== What to work on ==
Could you write out, word for word, only the lines from the one containing "#5 short metal cylinder [28,72,103,144]" through the last line of the data below?

== Data extract ==

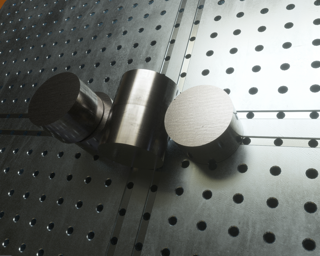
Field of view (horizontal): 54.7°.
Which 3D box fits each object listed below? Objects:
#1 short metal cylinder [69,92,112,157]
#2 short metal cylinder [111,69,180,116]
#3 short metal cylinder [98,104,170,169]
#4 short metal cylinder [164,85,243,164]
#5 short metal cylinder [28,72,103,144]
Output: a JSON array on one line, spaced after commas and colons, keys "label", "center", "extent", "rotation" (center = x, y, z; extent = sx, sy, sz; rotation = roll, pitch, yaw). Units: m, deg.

== Answer to this problem ==
#5 short metal cylinder [28,72,103,144]
Output: a JSON array on one line, spaced after commas and colons, keys "label", "center", "extent", "rotation" (center = x, y, z; extent = sx, sy, sz; rotation = roll, pitch, yaw). Units: m, deg.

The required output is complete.